- Exercise details
Among the entries below, find how many lines carry the word "like" and state only that figure.

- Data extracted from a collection

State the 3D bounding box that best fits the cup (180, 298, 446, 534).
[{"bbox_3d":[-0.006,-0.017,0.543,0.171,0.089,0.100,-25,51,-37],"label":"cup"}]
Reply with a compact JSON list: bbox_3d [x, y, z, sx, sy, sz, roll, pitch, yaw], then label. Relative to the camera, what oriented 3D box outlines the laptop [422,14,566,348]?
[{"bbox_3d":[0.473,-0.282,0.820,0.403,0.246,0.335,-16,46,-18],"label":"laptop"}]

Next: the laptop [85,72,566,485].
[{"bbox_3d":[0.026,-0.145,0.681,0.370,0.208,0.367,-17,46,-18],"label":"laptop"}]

==

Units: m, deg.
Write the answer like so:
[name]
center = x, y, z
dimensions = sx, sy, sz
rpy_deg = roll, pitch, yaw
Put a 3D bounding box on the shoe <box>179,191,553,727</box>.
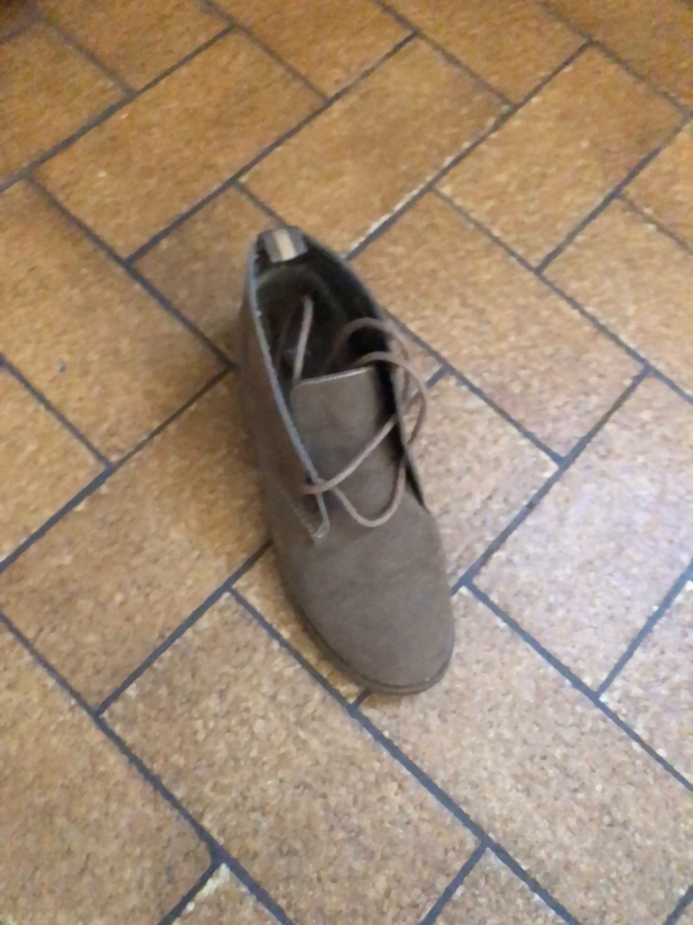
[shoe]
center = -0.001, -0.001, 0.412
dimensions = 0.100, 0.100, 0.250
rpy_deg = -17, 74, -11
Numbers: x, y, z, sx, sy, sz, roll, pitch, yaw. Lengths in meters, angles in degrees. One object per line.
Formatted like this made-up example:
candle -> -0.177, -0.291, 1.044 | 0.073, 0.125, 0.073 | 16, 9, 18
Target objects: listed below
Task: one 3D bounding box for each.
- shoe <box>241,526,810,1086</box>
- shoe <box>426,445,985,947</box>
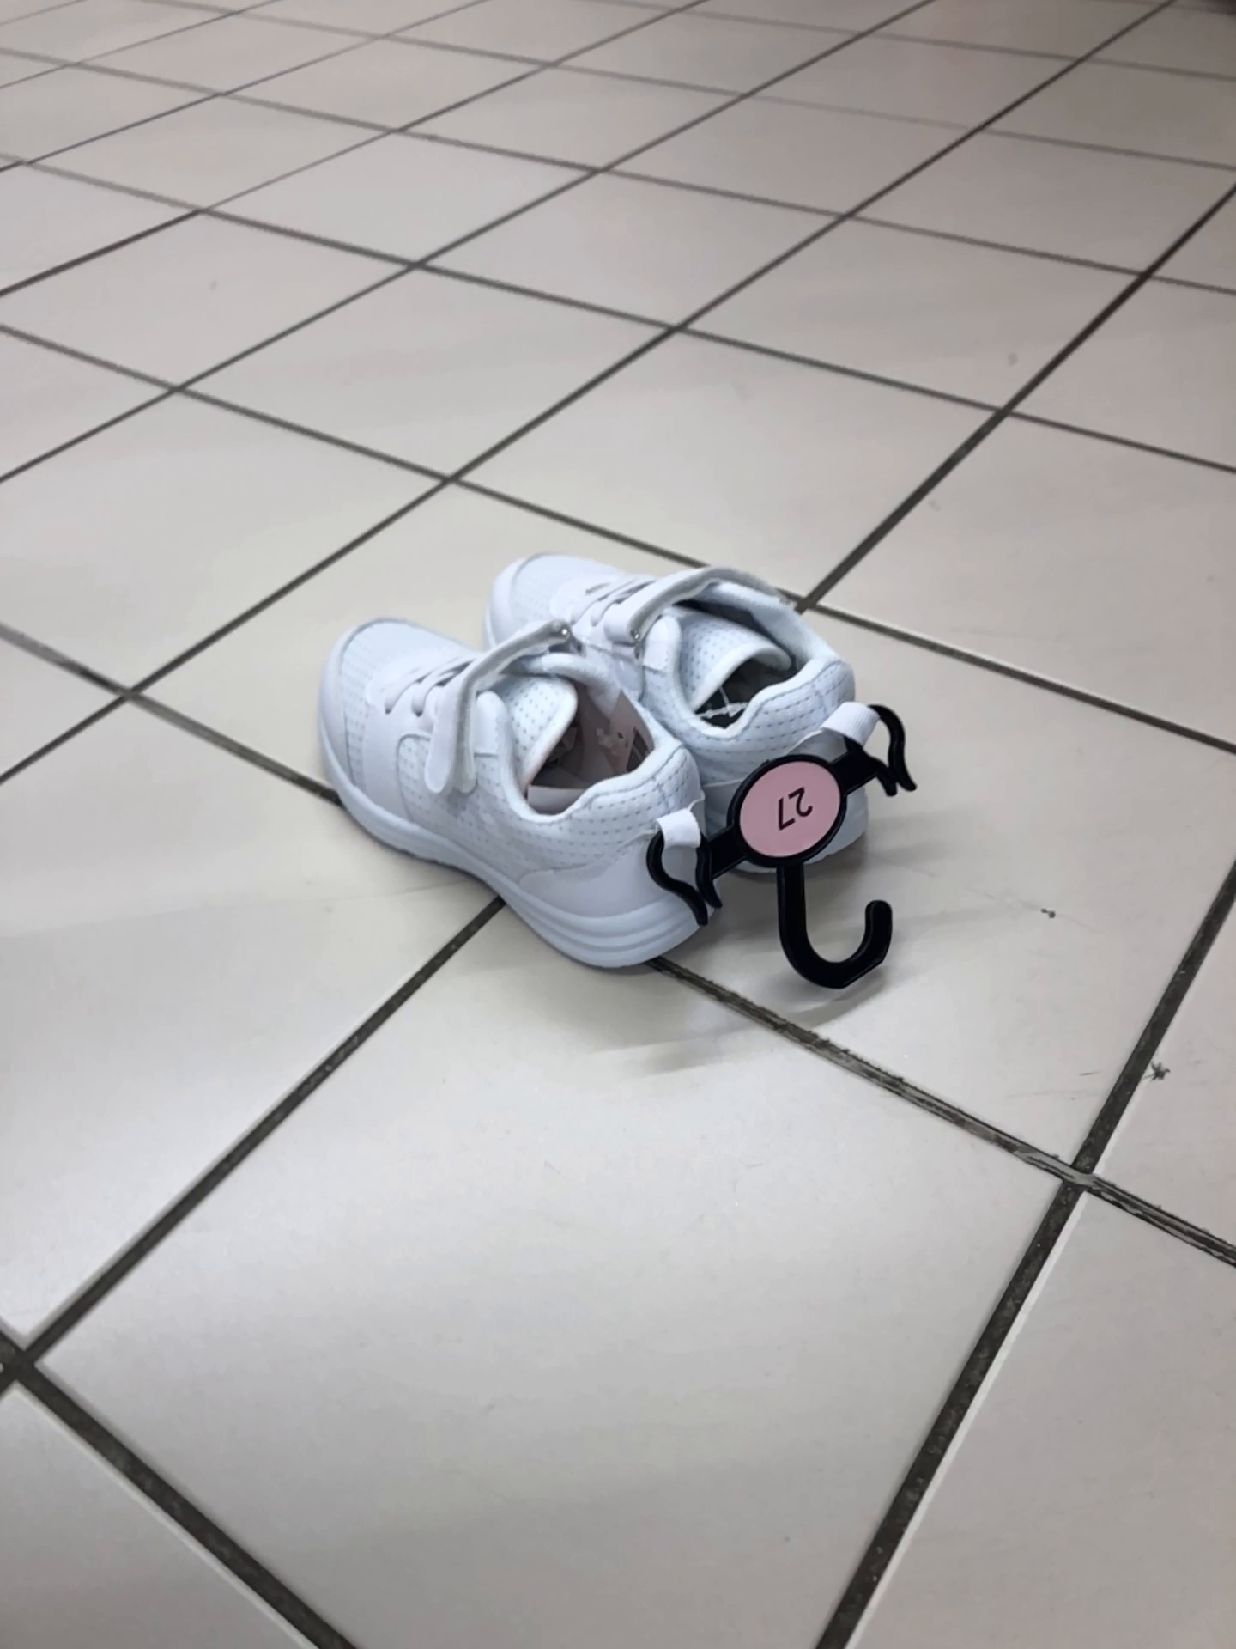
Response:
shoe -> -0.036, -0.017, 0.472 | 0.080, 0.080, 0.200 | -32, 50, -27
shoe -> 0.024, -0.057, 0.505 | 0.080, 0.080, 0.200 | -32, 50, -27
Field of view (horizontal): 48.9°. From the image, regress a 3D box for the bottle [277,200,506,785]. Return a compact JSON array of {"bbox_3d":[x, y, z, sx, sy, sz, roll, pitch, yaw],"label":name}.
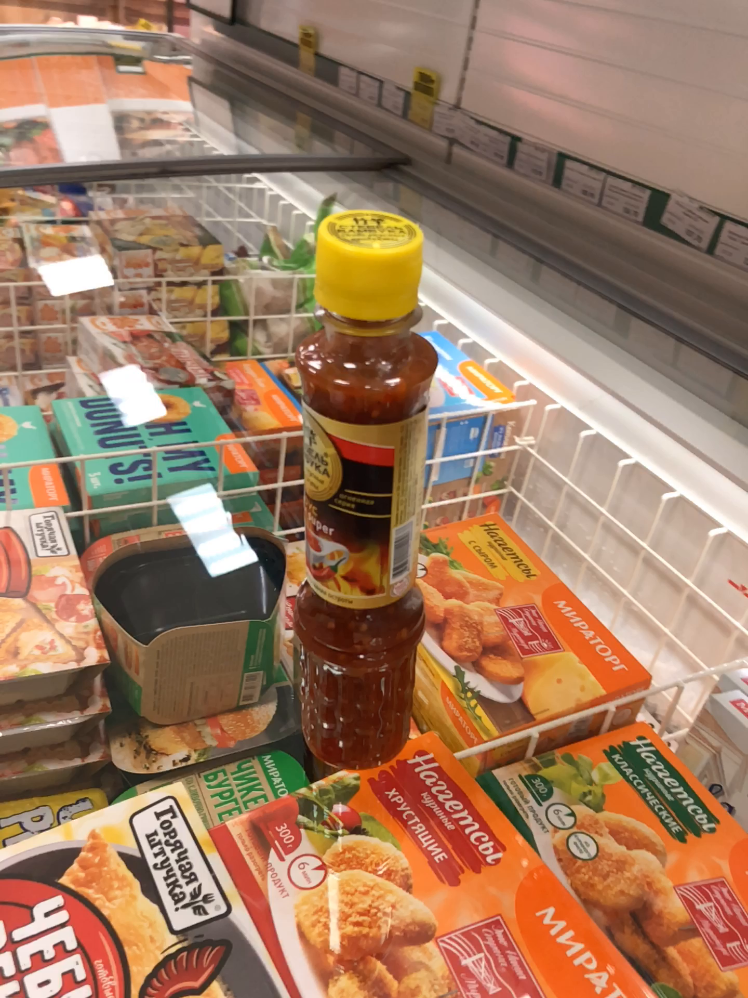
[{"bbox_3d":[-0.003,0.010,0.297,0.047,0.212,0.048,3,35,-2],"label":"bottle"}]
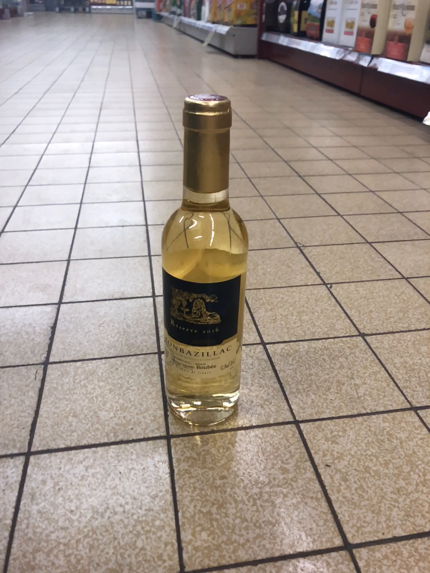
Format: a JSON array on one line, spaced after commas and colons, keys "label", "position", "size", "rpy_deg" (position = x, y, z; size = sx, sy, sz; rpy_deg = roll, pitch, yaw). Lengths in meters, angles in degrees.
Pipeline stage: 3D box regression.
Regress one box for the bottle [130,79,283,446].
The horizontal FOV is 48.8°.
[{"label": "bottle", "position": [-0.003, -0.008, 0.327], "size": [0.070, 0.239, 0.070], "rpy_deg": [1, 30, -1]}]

...

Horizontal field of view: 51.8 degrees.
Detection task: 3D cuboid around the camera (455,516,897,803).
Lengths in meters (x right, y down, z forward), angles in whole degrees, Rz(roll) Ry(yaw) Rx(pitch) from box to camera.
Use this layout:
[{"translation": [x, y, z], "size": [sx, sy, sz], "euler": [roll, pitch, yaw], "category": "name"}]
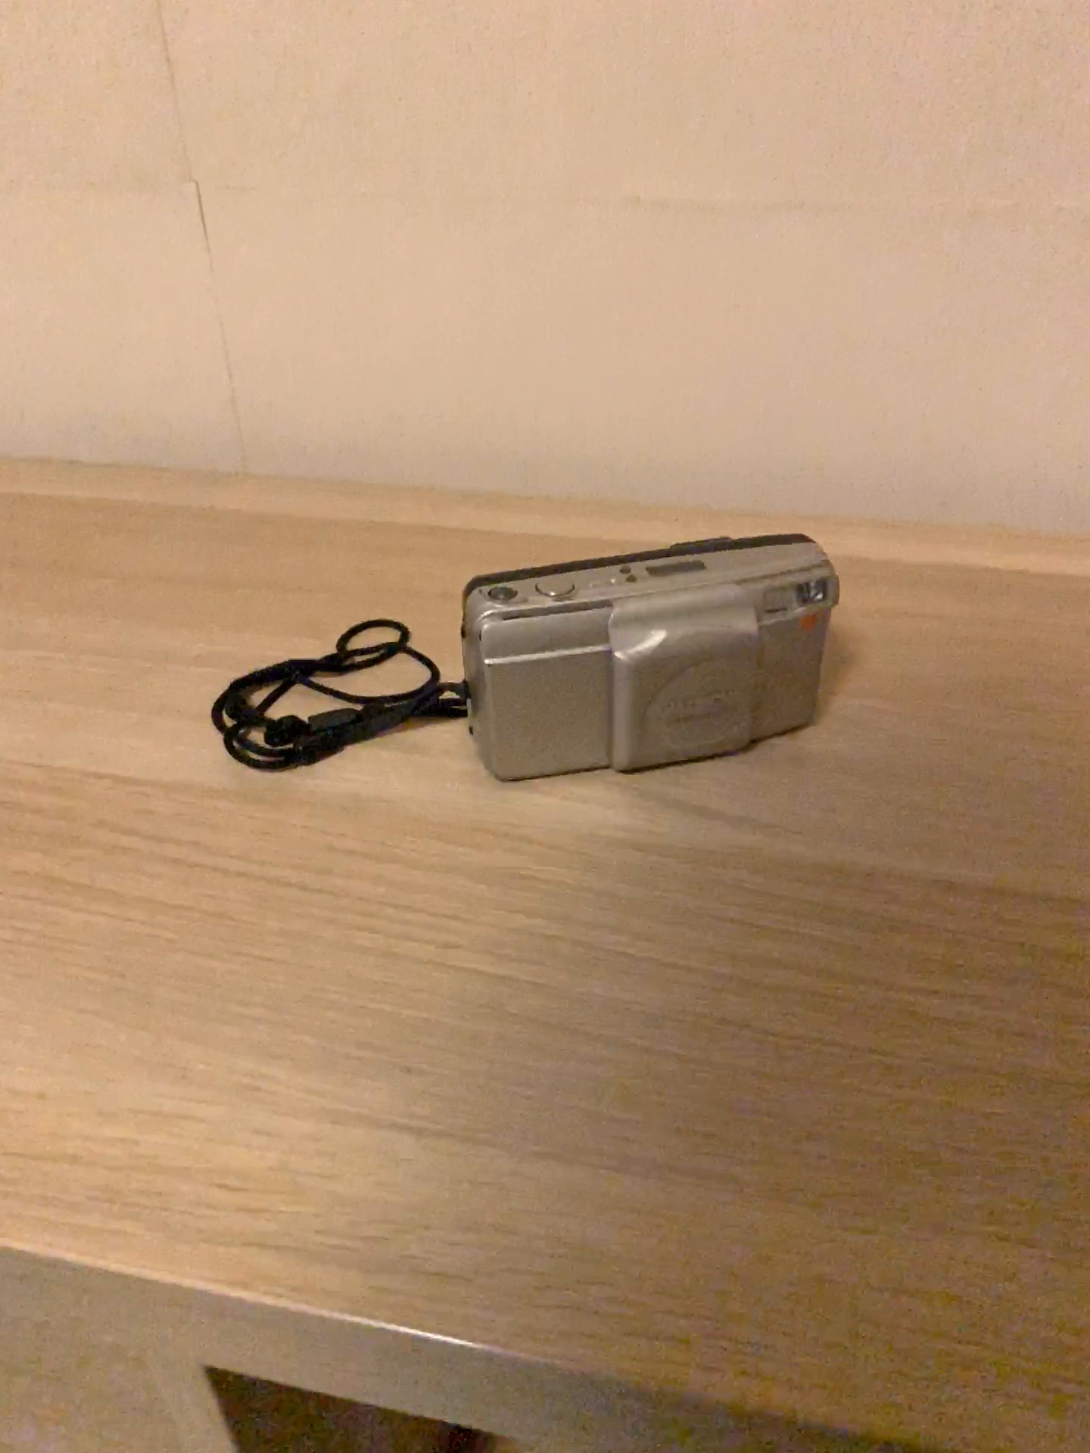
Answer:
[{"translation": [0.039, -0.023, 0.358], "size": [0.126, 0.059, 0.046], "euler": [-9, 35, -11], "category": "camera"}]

- Result of the exercise
2